Embora não seja um percentual que se possa considerar baixo, ele não corrobora o mito da "vó" ou da bisa "pega a laço" como um evento recente, até porque, na maioria das vezes, os percentuais obtidos vêm de ambos os lados da pessoa: o materno e o paterno. Há estados como Bahia, Minas Gerais e Rio de Janeiro cujos percentuais se mostram incrivelmente baixos, além de estados como Ceará, Paraíba, Piauí e Rio Grande do Norte, onde a priori se imaginavam valores bem mais altos. Esses percentuais também obedecem ao nível socioeconômico: há um padrão em quase todos os lugares em que, à medida que aumenta o nível de renda, diminui o percentual indígena, assim como o africano. A classe média-alta e alta brasileira, diferentemente de vários países vizinhos e de países como o México, possui muito pouco de genética indígena.
Os estados da região Norte-Amazônica são os que apresentam percentuais que se assemelham àquilo que o senso comum costuma achar que seria a marca do brasileiro de classe média ou baixa. Estados como Amazonas e Pará contam com percentuais indígenas na casa de 19%a 22%.
Um caso chamativo tem sido o do Paraná e também de certas áreas de São Paulo, Santa Catarina e Rio Grande do Sul, onde, em nível geral, há o estereótipo de estados altamente europeizados e de imigração recente, principalmente devido ao fenótipo. Surpreendentemente, os dados genéticos revelam que muita gente dessas regiões possui percentuais de genética indígena acima da média nacional. Contudo, é importante ressaltar que são, sim, no geral, estados muito europeizados geneticamente.
A segunda vertente do paradoxo: mtDNA materno vs. autossômico indígena baixo
Se o percentual geral pode ser considerado baixo, e em alguns estados chega a ser baixíssimo, o código mitocondrial chamado de haplogrupo materno conta outra história.

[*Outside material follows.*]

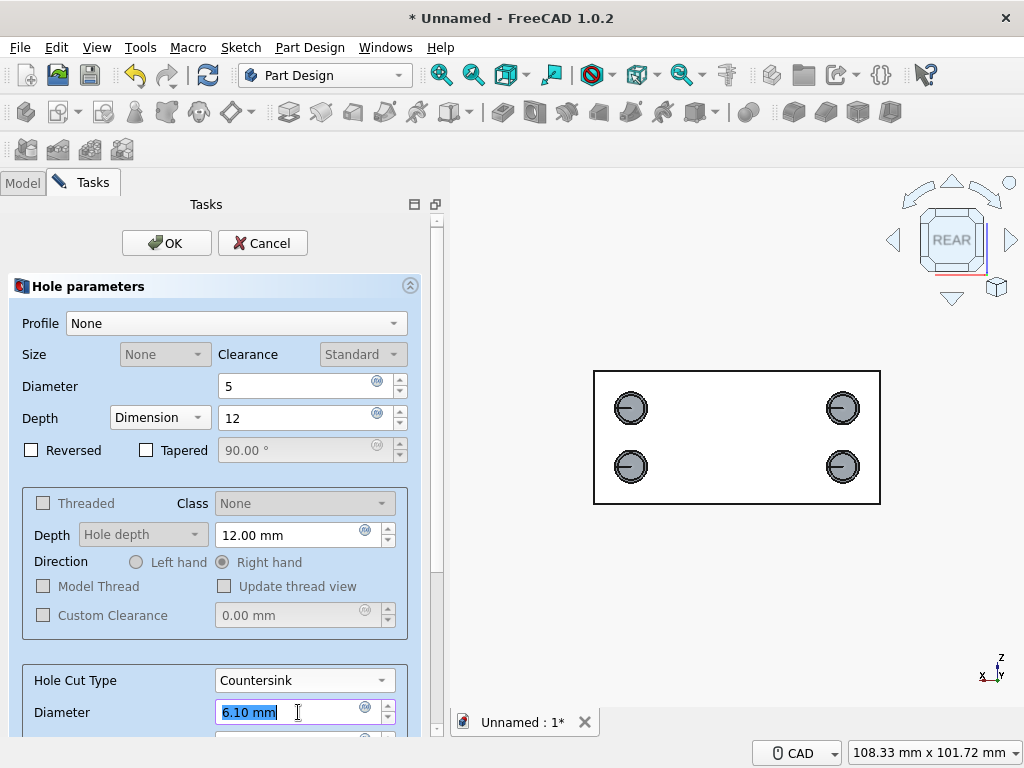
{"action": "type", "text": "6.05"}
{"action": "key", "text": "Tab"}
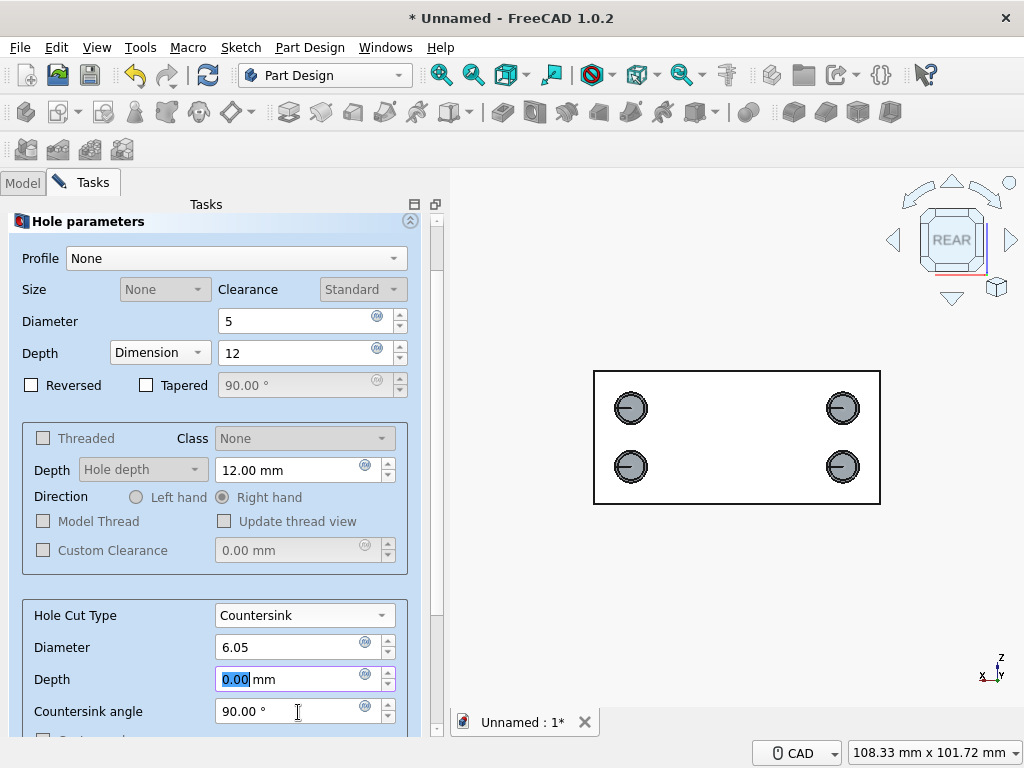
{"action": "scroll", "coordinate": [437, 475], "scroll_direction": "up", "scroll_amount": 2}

O mtDNA é passado de mãe para filha de forma intacta, sem recombinação. Ele indica de onde veio a matriarca direta da família na linha matrilinear (mãe da mãe, da mãe, sempre pela mãe). No Brasil, cerca de 33% a 35% da população possui haplogrupos maternos tipicamente nativos americanos, como A2, B2, C1b e D1. Eles estão presentes desde aqueles categorizados como pardos, morenos claros de cabelos lisos e cacheados, até pessoas fenotipicamente brancas, autodeclaradas como tal ou vistas socialmente como brancas-alvas ou do tipo. Os haplogrupos indígenas também não são incomuns nos negros mestiços e nos chamados mulatos, cafuzos, morenos escuros e afins.
Enquanto isso, o cromossomo Y, que dá o haplogrupo paterno, é predominantemente europeu, cobrindo entre 68% e 74% dos brasileiros. O Y-DNA indígena Q-M3 não passa de 5% em brasileiros que não estejam em comunidades indígenas aldeadas ou equivalentes.
Esse descompasso evidencia a assimetria na formação da sociedade colonial: homens europeus gerando descendentes com mulheres indígenas e africanas.
A explicação está na diluição autossômica. O DNA autossômico é a mistura genômica herdada de todos os ancestrais: 50% do pai e 50% da mãe. A cada geração que se cruza com indivíduos de origem majoritariamente europeia (mas também africana e asiática), a proporção autossômica indígena divide-se pela metade. Enquanto a herança autossômica se diluiu ao longo de quatro séculos de miscigenação continuada com novas levas migratórias, a assinatura matrilinear do mtDNA, ou seja, o haplogrupo materno permaneceu intacta.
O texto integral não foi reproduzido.